Reputation: 3
I need to import a txt file with the following pattern:
"A" "B" "C" "D" "E" "F" "G" "H" "I""1" 1 "7-201-2012-30" "201" "2011" 0 NA 0 14190 "01-01-1970""2" 2 "7-201-2012-101" "201" "2011" 0 NA 0 14190 "01-01-1970""3" 3 "7-203-2031-19" "203" "2032" 0 NA 0 14190 "01-01-1970""4" 4 "7-203-2031-23" "203" "2032" 0 NA 0 14190 "01-01-1970""5" 5 "7-203-2031-26" "203" "2032" 0 NA 0 14190 "01-01-1970""6" 6 "7-201-2012-57" "201" "2011" 0 NA 0 14190 "01-01-1970""7" 7 "7-201-2012-58" "201" "2011" 0 NA 0 14190 "01-01-1970""8" 8 "7-201-2012-64" "201" "2011" 0 NA 0 14190 "01-01-1970""9" 9 "7-201-2012-67" "201" "2011" 0 NA 0 14190 "01-01-1970""10" 10 "7-201-2012-74" "201" "2011" 0 NA 0 14190 "01-01-1970""11" 11 "7-201-2012-77" "201" "2011" 0 NA 0 14190 "01-01-1970""12" 12 "7-201-2012-78" "201" "2011" 0 NA 0 14190 "01-01-1970""13" 13 "7-201-2012-80" "201" "2011" 0 NA 0 14190 "01-01-1970""14" 14 "7-201-2012-85" "201" "2011" 0 NA 0 14190 "01-01-1970""15"
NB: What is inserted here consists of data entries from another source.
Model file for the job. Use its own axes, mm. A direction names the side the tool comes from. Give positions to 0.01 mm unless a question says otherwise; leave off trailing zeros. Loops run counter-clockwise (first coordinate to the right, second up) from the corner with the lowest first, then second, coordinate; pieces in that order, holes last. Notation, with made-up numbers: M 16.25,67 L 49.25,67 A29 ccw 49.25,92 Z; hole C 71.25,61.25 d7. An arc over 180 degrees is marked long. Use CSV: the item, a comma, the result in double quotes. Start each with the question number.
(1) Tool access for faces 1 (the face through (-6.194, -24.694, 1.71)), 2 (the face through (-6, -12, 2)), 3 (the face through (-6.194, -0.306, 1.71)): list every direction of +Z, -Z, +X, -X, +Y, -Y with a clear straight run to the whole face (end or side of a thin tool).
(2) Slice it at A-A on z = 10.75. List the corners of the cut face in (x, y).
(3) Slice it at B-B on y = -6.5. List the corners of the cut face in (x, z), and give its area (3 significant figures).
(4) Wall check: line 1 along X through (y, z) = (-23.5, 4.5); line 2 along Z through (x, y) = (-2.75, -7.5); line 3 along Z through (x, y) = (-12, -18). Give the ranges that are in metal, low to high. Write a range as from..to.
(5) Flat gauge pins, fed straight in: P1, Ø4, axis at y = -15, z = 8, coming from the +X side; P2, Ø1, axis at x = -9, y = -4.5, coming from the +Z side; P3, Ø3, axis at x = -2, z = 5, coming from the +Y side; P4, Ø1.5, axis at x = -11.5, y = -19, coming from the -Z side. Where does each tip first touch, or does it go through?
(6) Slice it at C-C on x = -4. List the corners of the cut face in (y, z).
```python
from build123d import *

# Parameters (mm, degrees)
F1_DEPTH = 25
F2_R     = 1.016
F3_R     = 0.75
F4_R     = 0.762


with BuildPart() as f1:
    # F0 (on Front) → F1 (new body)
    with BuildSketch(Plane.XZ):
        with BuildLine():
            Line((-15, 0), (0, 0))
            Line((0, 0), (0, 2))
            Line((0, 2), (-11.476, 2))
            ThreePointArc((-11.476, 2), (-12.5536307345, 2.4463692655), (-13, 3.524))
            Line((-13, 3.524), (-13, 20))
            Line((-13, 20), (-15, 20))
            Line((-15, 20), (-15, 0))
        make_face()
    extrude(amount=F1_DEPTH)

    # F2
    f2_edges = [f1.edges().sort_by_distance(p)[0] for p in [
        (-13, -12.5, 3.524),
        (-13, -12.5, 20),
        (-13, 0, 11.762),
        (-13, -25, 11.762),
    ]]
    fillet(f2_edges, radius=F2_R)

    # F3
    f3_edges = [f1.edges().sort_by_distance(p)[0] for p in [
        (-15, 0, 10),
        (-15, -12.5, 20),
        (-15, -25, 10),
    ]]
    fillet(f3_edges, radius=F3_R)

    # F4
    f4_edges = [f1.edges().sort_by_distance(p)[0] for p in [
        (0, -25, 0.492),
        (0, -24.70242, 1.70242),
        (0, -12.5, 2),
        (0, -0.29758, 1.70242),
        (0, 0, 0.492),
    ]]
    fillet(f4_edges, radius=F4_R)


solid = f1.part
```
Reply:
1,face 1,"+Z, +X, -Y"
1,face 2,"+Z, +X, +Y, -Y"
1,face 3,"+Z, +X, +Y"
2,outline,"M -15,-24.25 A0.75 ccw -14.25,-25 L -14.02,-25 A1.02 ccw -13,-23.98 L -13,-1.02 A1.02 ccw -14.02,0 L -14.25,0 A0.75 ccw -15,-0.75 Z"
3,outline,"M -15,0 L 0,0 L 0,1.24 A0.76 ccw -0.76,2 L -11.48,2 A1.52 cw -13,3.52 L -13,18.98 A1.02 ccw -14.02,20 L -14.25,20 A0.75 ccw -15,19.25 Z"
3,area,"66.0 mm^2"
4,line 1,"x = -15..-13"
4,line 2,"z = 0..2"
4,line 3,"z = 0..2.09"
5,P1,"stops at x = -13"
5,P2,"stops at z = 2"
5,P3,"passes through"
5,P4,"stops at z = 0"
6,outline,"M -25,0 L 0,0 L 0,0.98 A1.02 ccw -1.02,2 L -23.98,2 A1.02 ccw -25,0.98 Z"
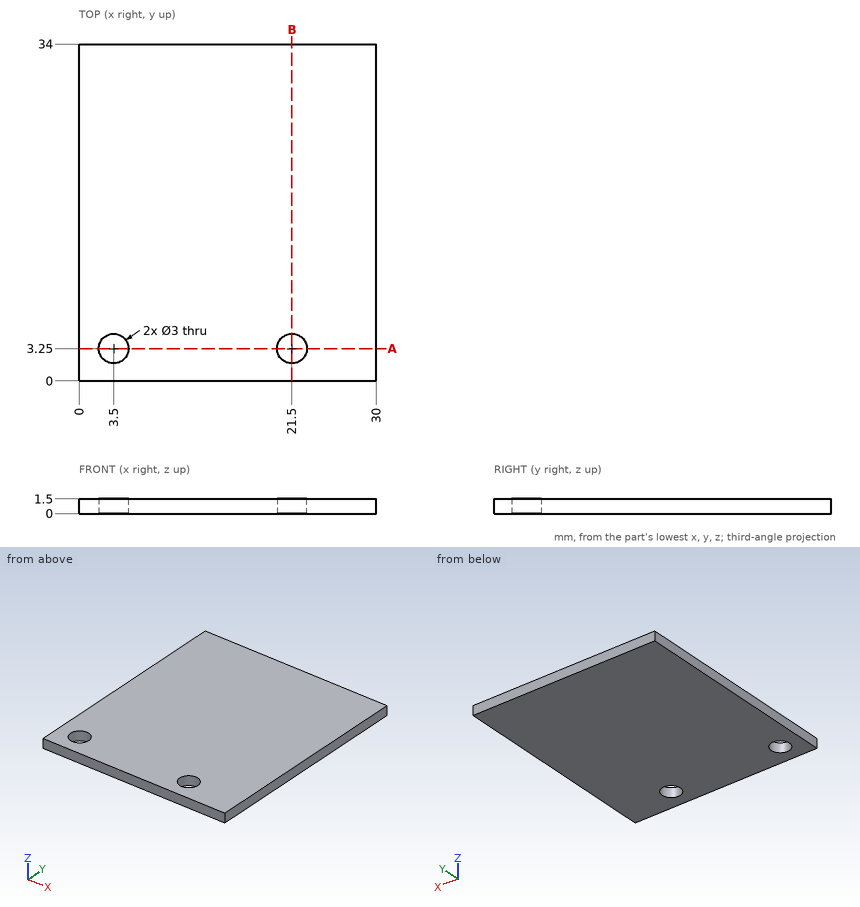
Answer from the drawing. Dimensions are ordinates in mm from the lowest x, y and z of the part. Give positions to 0.01 mm unless a question says otherwise; leave off trailing zeros. Loops run counter-clockwise (first coordinate to the right, second up) from the corner with the lowest first, then second, coordinate; pieces in that order, holes last. Notation, with made-up numbers: (62.25, 57) - (66.25, 57) arc R22 ccw to (66.25, 69) - close; hole circle Ø5 at (21, 89). An arc over 180 degrees is marked (long way). Answer as CSV lines item,"result". Start each with the question number.
Item 1: A cutting plane is placed at B-B on x = 21.5. Determine the outline of the cut face in (y, z).
Item 2: A cutting plane is placed at A-A on y = 3.25. Determine the outline of the cut face in (x, z), then the cut area to 3 significant figures.
Item 3: Find the intervals of material crossed by line 1 (X direction, y = 3.25, z = 0.9); line 2 (Y direction, x = 3.5, z = 0.9); line 3 (Y direction, x = 2.5, z = 0.2), in increasing order. Write a range as from..to.
Found:
1,outline,"(0, 0) - (1.75, 0) - (1.75, 1.5) - (0, 1.5) - close; (4.75, 0) - (34, 0) - (34, 1.5) - (4.75, 1.5) - close"
2,outline,"(0, 0) - (2, 0) - (2, 1.5) - (0, 1.5) - close; (5, 0) - (20, 0) - (20, 1.5) - (5, 1.5) - close; (23, 0) - (30, 0) - (30, 1.5) - (23, 1.5) - close"
2,area,"36.0 mm^2"
3,line 1,"x = 0..2, 5..20, 23..30"
3,line 2,"y = 0..1.75, 4.75..34"
3,line 3,"y = 0..2.13, 4.37..34"
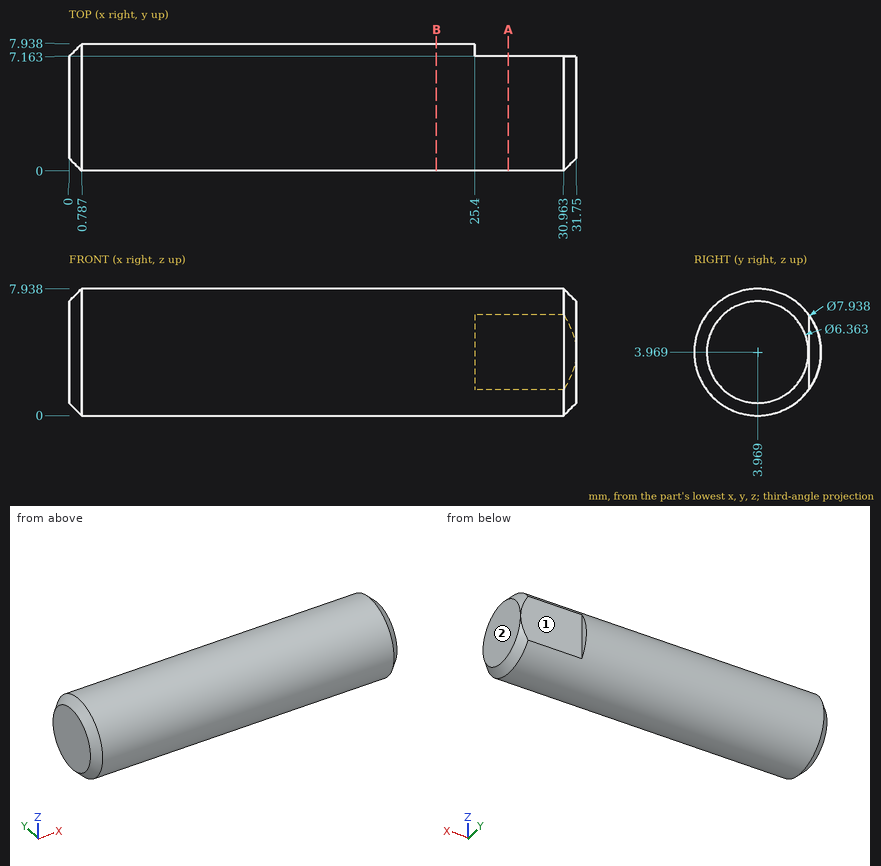
Print and shaded views of the part. All mm, measured from the part's lowest x, y and z. A direction names the side the tool comes from. Give positions to 0.01 mm unless a question says otherwise; leave off trailing zeros. Write each loop counter-clockwise with the first axis right and the second up, starting at its lowest first coordinate (ties: lowest second). Pieces come first, ordered by that corner, then holes. Notation, with made-up numbers: (56.25, 16) -> (114.25, 16) arc R19 cw to (114.25, 50) -> close; hole circle Ø10 at (4, 81). An arc over 180 degrees is marked (long way). Write item = value, one per line.
(1) Flat gauge pins, fed straight in: P1, Ø2, axis at x = 19, y = 6, coming from the +Z side; P2, Ø2, axis at x = 9.5, z = 2.5, coming from the +Y side; P3, Ø0.6, axis at y = 7.5, z = 3.5, coming from the +X side. Where does each tip first touch, or does it go through?
Determined:
P1 = 7.8
P2 = 7.91
P3 = 25.4
(2) Tool access for the marked faces 1 and 2: list every direction of +Z, -Z, +X, -X, +Y, -Y with a clear straight run to the whole face (end or side of a thin tool).
Determined:
face_1 = +Z, -Z, +X, +Y
face_2 = +Z, -Z, +X, +Y, -Y
(3) Slice it at A-A, the plane x = 27.5. Give the cut face in (y, z) (1 decimal), then the cut area to 3 significant figures.
Determined:
outline = (7.2, 1.6) -> (7.2, 6.3) arc R4 ccw (long way) to start
area = 47.0 mm2
(4) Slice it at B-B, the plane x = 23. Give the cut face in (y, z).
Determined:
outline = circle Ø7.94 at (3.97, 3.97)
(5) Probe line 1 along X through (y, z) = (3, 7); line 2 along Y through (x, z) = (12, 4.75); line 3 along Z through (x, y) = (7, 3.25) (1 decimal). List the from-to ranges inside material, lowest first.
Determined:
line_1 = 0 to 31.75
line_2 = 0.08 to 7.86
line_3 = 0.1 to 7.9
from build123d import *

# Parameters (mm, degrees)
ESQUISSE1_R           = 4
BOSS_EXTRU_1_DEPTH    = 14
CHANFREIN1_SIZE       = 0.5
TROU_TARAUD_M41_D     = 3.3
TROU_TARAUD_M41_DEPTH = 11.5
TROU_TARAUD_M41_TIP   = 0.991420021


with BuildPart() as part:
    # Esquisse1 → Boss.-Extru.1 (new body)
    with BuildSketch(Plane.XY):
        Circle(ESQUISSE1_R)
    extrude(amount=BOSS_EXTRU_1_DEPTH)

    # Chanfrein1
    chanfrein1_edges = [part.edges().sort_by_distance(p)[0] for p in [
        (-4, 0, 14),
    ]]
    chamfer(chanfrein1_edges, length=CHANFREIN1_SIZE)

    # Trou taraudé M41
    with Locations(Plane(origin=(0, 0, 0), x_dir=(-1, 0, 0), z_dir=(0, 0, -1))):
        with Locations((0, 0)):
            Hole(TROU_TARAUD_M41_D / 2, depth=TROU_TARAUD_M41_DEPTH)
            with Locations((0, 0, -(TROU_TARAUD_M41_DEPTH + TROU_TARAUD_M41_TIP / 2))):  # 118° drill point
                Cone(0, TROU_TARAUD_M41_D / 2, TROU_TARAUD_M41_TIP, mode=Mode.SUBTRACT)


solid = part.part
Design review of the part built by this model. Coordinates are the model's own, in mm. A direction names the side the tool comes from. Coordinates: 2 decimals unless noted, no trailing zeros. Loops run counter-clockwise (first coordinate to the right, second up) from the corner with the lowest first, then second, coordinate; pieces in that order, holes last. Notation, with made-up numbers: (35, -38.75) - (53, -38.75) arc R15 cw to (53, -11.75) - close; hole circle Ø11 at (24.5, 24). An arc over 180 degrees is marked (long way). Use CSV: the item, a comma, the result in double quotes. Start each with the question number.
1. For faces 1 (the cylindrical face through (-1.216, 1.115, 5.831)), 2 (the flat face through (2, 0, 0)), list the 3-axis set-ups (+Z, -Z, +X, -X, +Y, -Y) from which the entire face can be reached by the end or side of a thin tool; tool diameter is ignored.
2. Clearance check with flat-ended pins moving along their axes: pin 1 (2 mm diameter, centred on y = -2.5, z = 9, fed in from -X); pin 2 (2 mm diameter, centred on x = -0.5, y = 0, fed in from -Z); pin 3 (3 mm diameter, centred on y = -0.5, z = 2, fed in from +X); pin 4 (1 mm diameter, centred on y = -2, z = 10, fed in from +X). State where each tip first meets the part, or that it passes through.
3. Add section A-A on z = 5.5. Give the boundary of the cut face in (x, y), plus the area to 3 significant figures.
4. To check wall thickness, follow probe 1 along Y at (x, z) = (0, 6.25); probe 2 along X at (y, z) = (-0.5, 4); probe 3 along Y at (x, z) = (-1, 8.75). State the ranges of each line that lie inside material, in increasing order.
Resolved:
1,face 1,"-Z"
1,face 2,"-Z, +X, -X, +Y, -Y"
2,pin 1,"x = -3.71"
2,pin 2,"z = 11.59"
2,pin 3,"x = 4"
2,pin 4,"x = 3.71"
3,outline,"circle Ø8 at (0, 0); hole circle Ø3.3 at (0, 0)"
3,area,"41.7 mm2"
4,probe 1,"-4 to -1.65, 1.65 to 4"
4,probe 2,"-3.97 to -1.57, 1.57 to 3.97"
4,probe 3,"-3.87 to -1.31, 1.31 to 3.87"

This is not the full file, but the rest continues in this pattern. Every space or tab indicates a new column until the string "1"("2", "3", ..., "15"). After that a new row should start. I'm rather unexperienced in programming with R but I found a similar problem in this forum where the strings were separated with backslashes. This is how they solved it:
data = paste(scan("Einzelteil_T35.txt",what="character"),collapse='') ## Read the file
dmat = matrix(strsplit(data,"\\\\")[[1]],ncol=15,byrow=T) ## Convert it to a matrix
dmat[,15] = gsub("\".*[0-9]\"","",dmat[,15]) ## Remove the next line number from the values of the last column
colnames(dmat)=dmat[1,] ## Take first line as names
dmat = dmat[-1,] ## Remove first line (as it contained the names)
df = as.data.frame(dmat)
df
Unfortunately I did not manage to adjust the code in a way that it works for my txt file. If you could help me adjust the code or show me a complete different approach that works, I would be very thankful.
Upvotes: 0
Views: 51
Reputation: 206197
It just seems like you have 10 columns here that are repeated. You can just form these into a matrix. No need to bother with the collapsing.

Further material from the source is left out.